Tuesday, August 09, 2005

She's back. Maria Alquilar, the artist about whom UD has already written, has come back to California to fix her spelling errors, and the whole world is watching.

From today's San Francisco Chronicle:



“What’s in a name?” Shakespere asked.

Make that “Shakespeare.” Miami artist Maria Alquilar, much maligned for 11 misspellings that popped up in the educational mural she designed for the Livermore public library last year, spent today under the hot sun correcting her mistakes.

In addition to fixing the bard’s name, she changed “Eistein” to “Einstein,” “Gaugan” to “Gauguin” and more.

But Alquilar, who at first claimed artistic license and said she wasn’t going to return to fix the faux pas because people were being too mean about it, was giving no media interviews as she worked under a broad-brimmed straw hat and blue tent. She sliced and diced the tiles with power tools, protected from the public by a barrier.

She wagged her finger at a television cameraman and threatened to throw a rock at a print photographer.

“No pictures of me!” she yelled. “If I’m in it, I’m going to sue you.”

Apparently, Alquilar wanted to return quietly to do the edits, for which city officials are paying her $6,000 plus travel expenses.

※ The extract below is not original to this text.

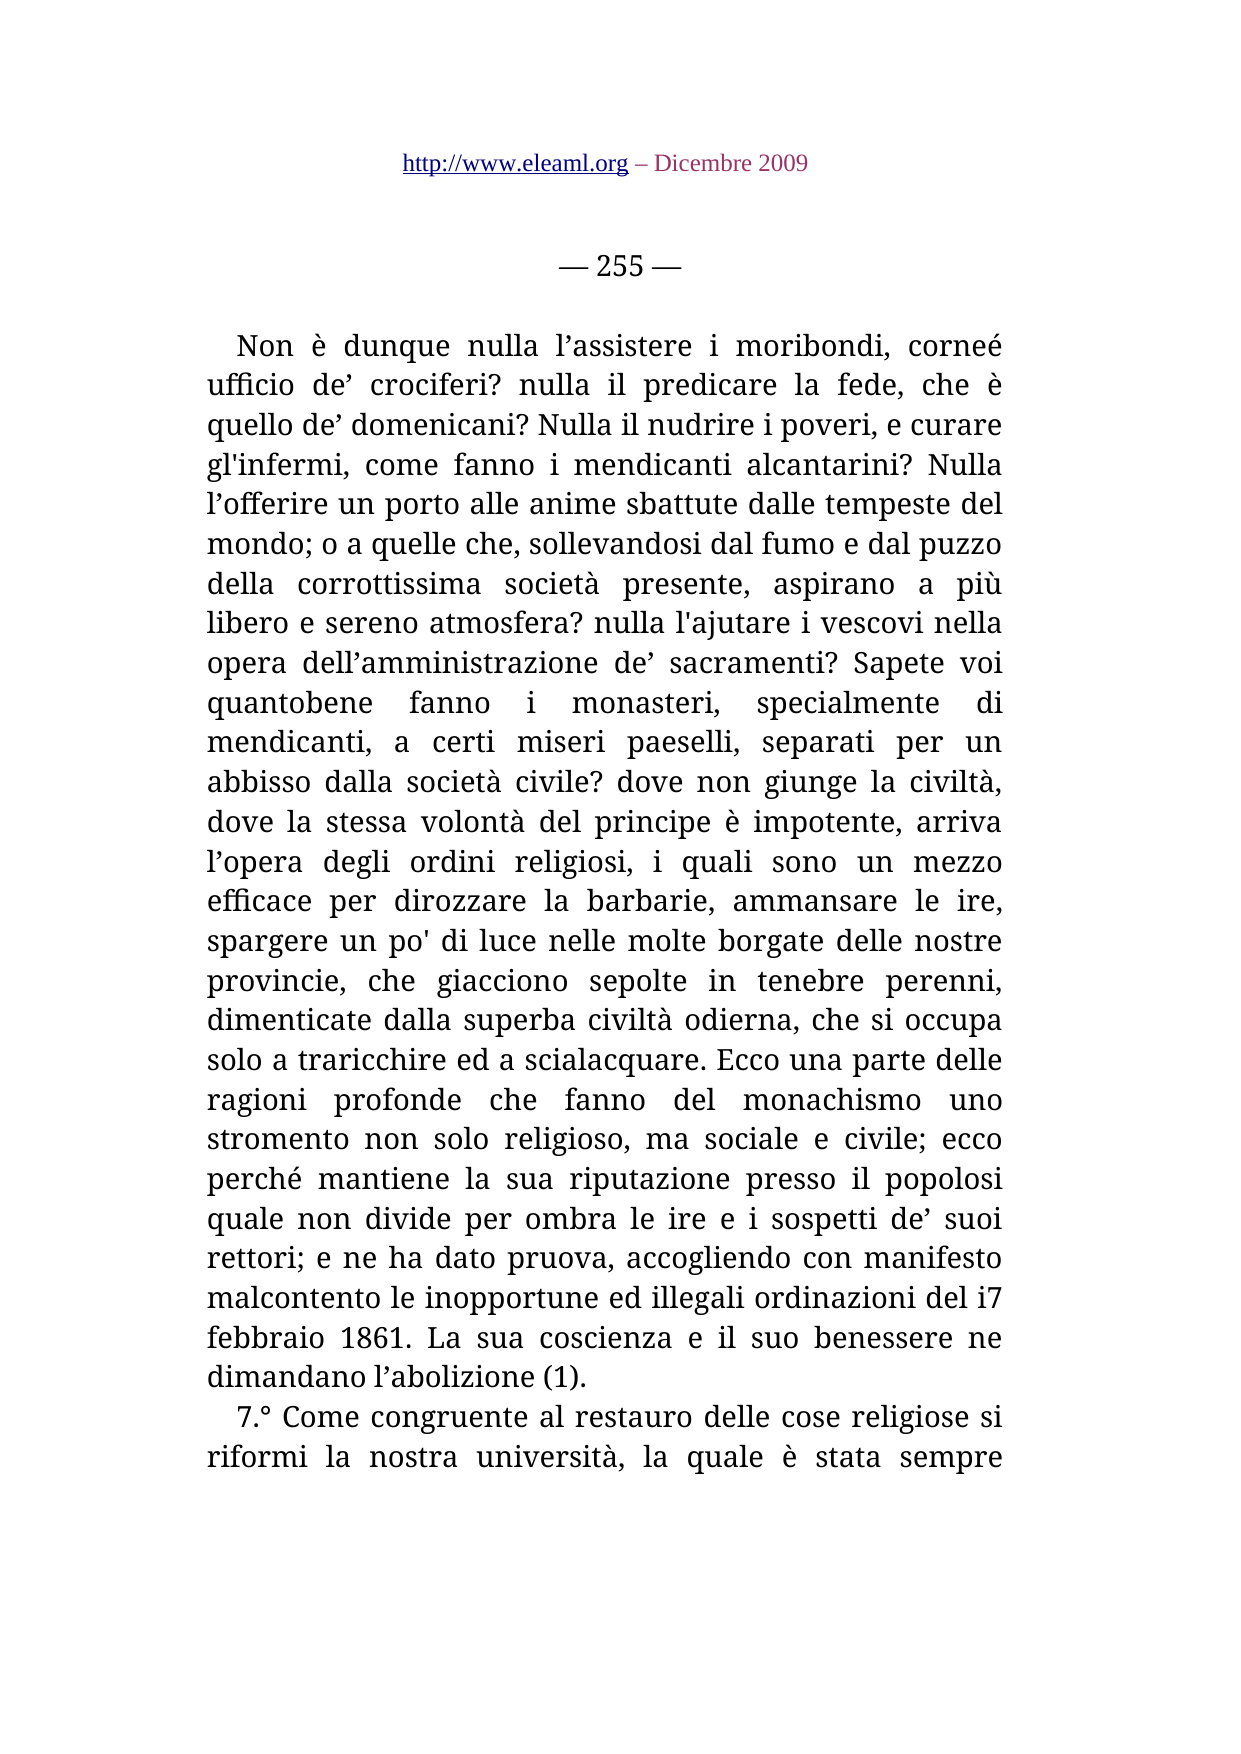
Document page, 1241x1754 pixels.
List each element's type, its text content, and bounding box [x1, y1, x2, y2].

text 7.° Come congruente al restauro delle cose religiose si riformi la nostra università, la quale è stata sempre [207, 1396, 1004, 1476]
text Non è dunque nulla l’assistere i moribondi, corneé ufficio de’ crociferi? nulla il predicare la fede, che è quello de’ domenicani? Nulla il nudrire i poveri, e curare gl'infermi, come fanno i mendicanti alcantarini? Nulla l’offerire un porto alle anime sbattute dalle tempeste del mondo; o a quelle che, sollevandosi dal fumo e dal puzzo della corrottissima società presente, aspirano a più libero e sereno atmosfera? nulla l'ajutare i vescovi nella opera dell’amministrazione de’ sacramenti? Sapete voi quantobene fanno i monasteri, specialmente di mendicanti, a certi miseri paeselli, separati per un abbisso dalla società civile? dove non giunge la civiltà, dove la stessa volontà del principe è impotente, arriva l’opera degli ordini religiosi, i quali sono un mezzo efficace per dirozzare la barbarie, ammansare le ire, spargere un po' di luce nelle molte borgate delle nostre provincie, che giacciono sepolte in tenebre perenni, dimenticate dalla superba civiltà odierna, che si occupa solo a traricchire ed a scialacquare. Ecco una parte delle ragioni profonde che fanno del monachismo uno stromento non solo religioso, ma sociale e civile; ecco perché mantiene la sua riputazione presso il popolosi quale non divide per ombra le ire e i sospetti de’ suoi rettori; e ne ha dato pruova, accogliendo con manifesto malcontento le inopportune ed illegali ordinazioni del i7 febbraio 1861. La sua coscienza e il suo benessere ne dimandano l’abolizione (1). [207, 325, 1004, 1396]
text — 255 — [207, 246, 1004, 285]

That’s on top of the $40,000 she received for creating the 16-foot circular mosaic, made up of 175 historical names and cultural words.

But after she arrived Sunday, word spread, and today she had a consistent audience for her work, which she expected to complete today or Wednesday.

Assistant City Manager Jim Piper assured reporters that city officials were spell-checking Alquilar’s replacement tiles.

“We certainly believe they are spelled correctly,” he said.

Livermore officials selected Alquilar in 2000 to create a mosaic at the entrance to Livermore’s new library, which opened in May 2004. Icons representing science, art, literature and history surround a tree of life in the center.

Library patrons were of varied opinions about whether a name by any other spelling smelled as sweet.

A woman named Betty, who wouldn’t give her last name for fear of reprisal from her stickler school-teacher chums, said she didn’t mind the imperfect art.

“I feel sorry for her out in the heat,” she said. “It was kind of fun to have something unique. I thought it was very nice.”

But Jarod Vash, 17, who was borrowing videos with his girlfriend and her family, said he thought the misspellings were embarrassing.

“When the story first broke, I thought, ‘Oh, Livermore, the town that misspells stuff,’ ” he said. “The only thing we’ve got in Livermore, and it’s misspelled.”

But he added, “Everybody makes mistakes.”

“Not this bad,” said his girlfriend’s 13-year-old brother, Eric Smyth.